Give again, word for word, each line below starting at the one that contains "#5 rack shelf [1044,232,1051,286]" and ending at the one that contains "#24 cardboard box [1736,777,1919,1044]".

[[ RECORDS FOR THIS TASK, beginning ]]

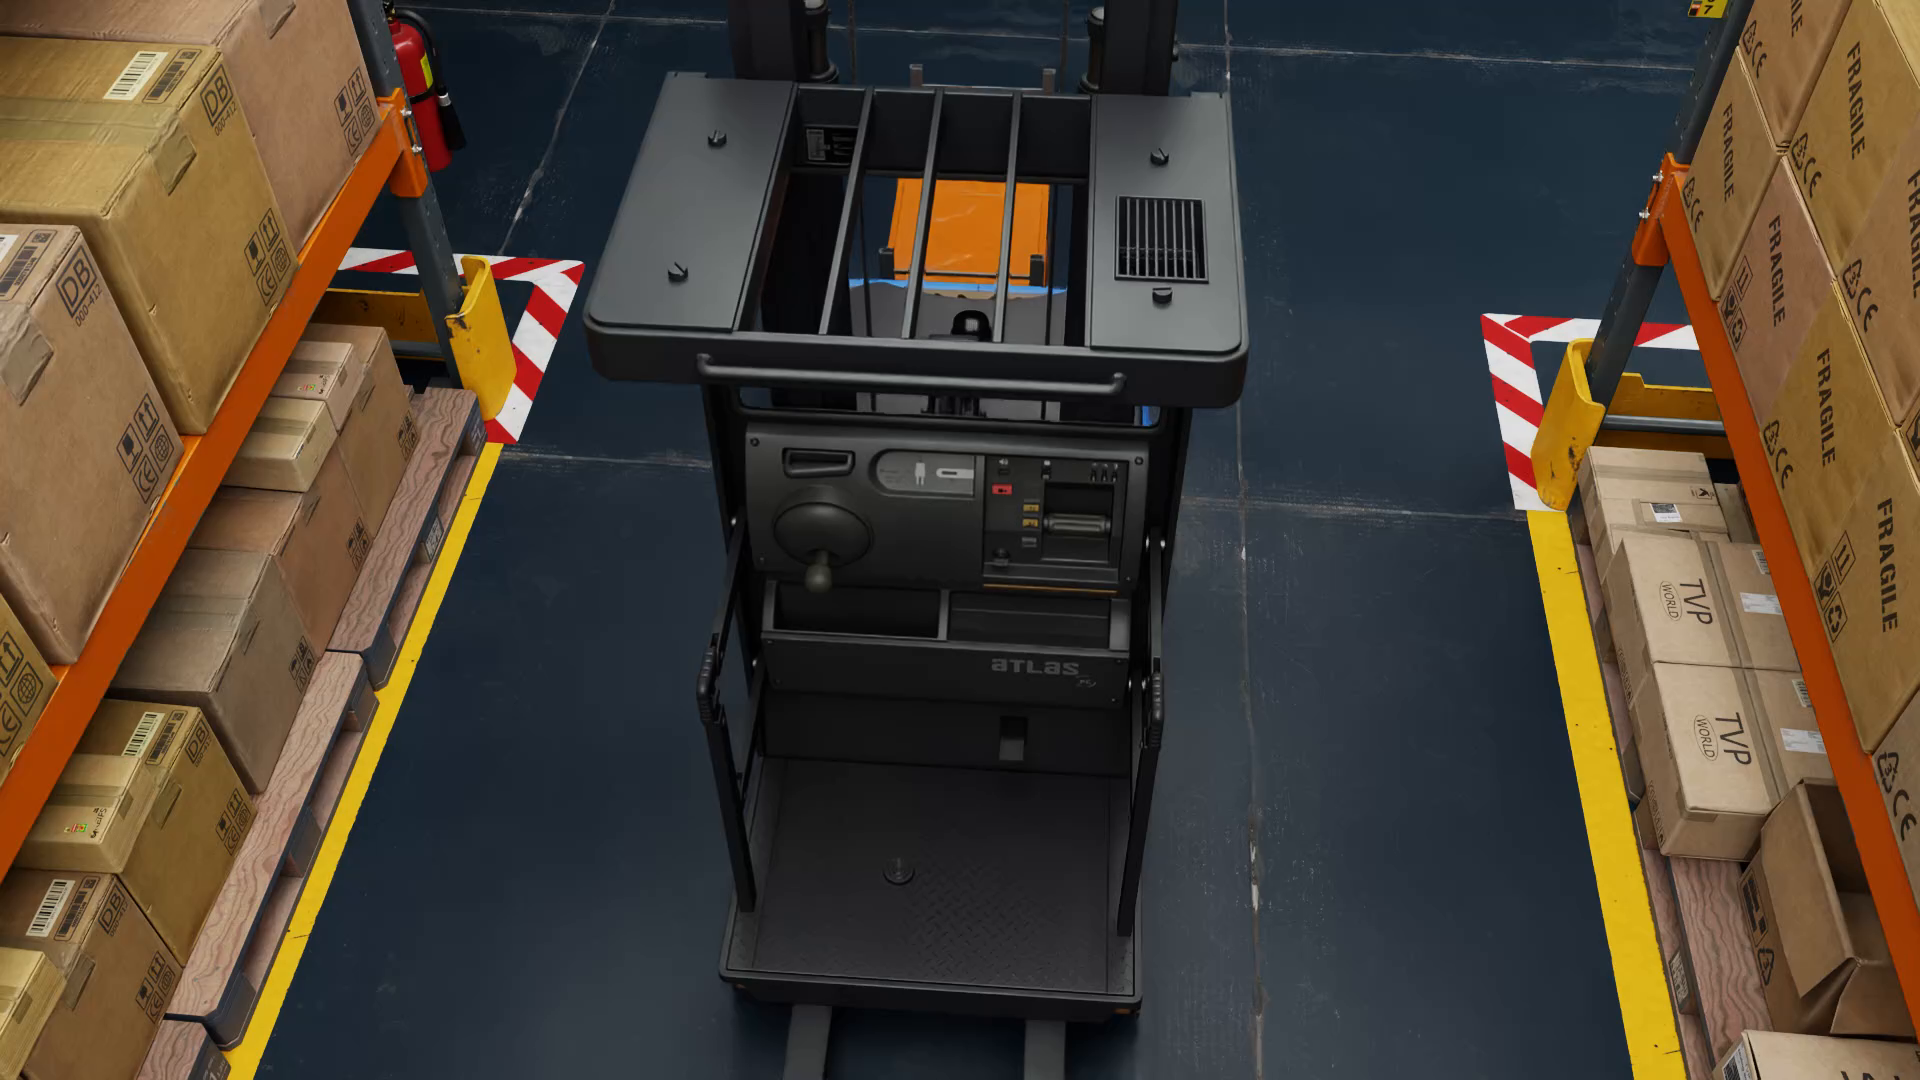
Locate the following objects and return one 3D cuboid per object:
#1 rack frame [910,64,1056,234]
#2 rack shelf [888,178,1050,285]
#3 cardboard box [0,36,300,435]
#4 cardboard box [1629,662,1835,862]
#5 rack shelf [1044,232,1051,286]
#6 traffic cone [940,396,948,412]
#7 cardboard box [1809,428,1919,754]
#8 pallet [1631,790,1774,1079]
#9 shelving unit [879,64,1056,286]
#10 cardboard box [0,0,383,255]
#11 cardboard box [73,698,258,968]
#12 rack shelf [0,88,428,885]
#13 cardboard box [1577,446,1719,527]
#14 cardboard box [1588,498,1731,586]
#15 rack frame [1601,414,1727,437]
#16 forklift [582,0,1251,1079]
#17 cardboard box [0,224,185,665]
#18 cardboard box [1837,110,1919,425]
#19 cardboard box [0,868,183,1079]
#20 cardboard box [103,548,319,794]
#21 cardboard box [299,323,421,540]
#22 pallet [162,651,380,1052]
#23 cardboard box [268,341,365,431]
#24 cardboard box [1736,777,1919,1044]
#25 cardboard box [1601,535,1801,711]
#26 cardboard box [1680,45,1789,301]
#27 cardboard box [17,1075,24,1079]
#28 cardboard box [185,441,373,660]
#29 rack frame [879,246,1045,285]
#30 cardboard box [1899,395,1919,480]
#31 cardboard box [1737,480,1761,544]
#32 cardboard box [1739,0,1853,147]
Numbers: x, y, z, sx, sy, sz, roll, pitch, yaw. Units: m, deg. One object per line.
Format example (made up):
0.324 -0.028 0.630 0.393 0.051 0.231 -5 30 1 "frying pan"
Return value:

[[ RECORDS FOR THIS TASK, end ]]
[[ RECORDS FOR THIS TASK, beginning ]]

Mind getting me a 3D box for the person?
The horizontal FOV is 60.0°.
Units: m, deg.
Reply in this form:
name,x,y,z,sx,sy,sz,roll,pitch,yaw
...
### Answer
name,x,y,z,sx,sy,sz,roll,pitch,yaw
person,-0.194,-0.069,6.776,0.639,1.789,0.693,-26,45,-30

[[ RECORDS FOR THIS TASK, end ]]

:: RESPONSE FOR THIS EXERCISE ::
#5 rack shelf [1044,232,1051,286]
#6 traffic cone [940,396,948,412]
#7 cardboard box [1809,428,1919,754]
#8 pallet [1631,790,1774,1079]
#9 shelving unit [879,64,1056,286]
#10 cardboard box [0,0,383,255]
#11 cardboard box [73,698,258,968]
#12 rack shelf [0,88,428,885]
#13 cardboard box [1577,446,1719,527]
#14 cardboard box [1588,498,1731,586]
#15 rack frame [1601,414,1727,437]
#16 forklift [582,0,1251,1079]
#17 cardboard box [0,224,185,665]
#18 cardboard box [1837,110,1919,425]
#19 cardboard box [0,868,183,1079]
#20 cardboard box [103,548,319,794]
#21 cardboard box [299,323,421,540]
#22 pallet [162,651,380,1052]
#23 cardboard box [268,341,365,431]
#24 cardboard box [1736,777,1919,1044]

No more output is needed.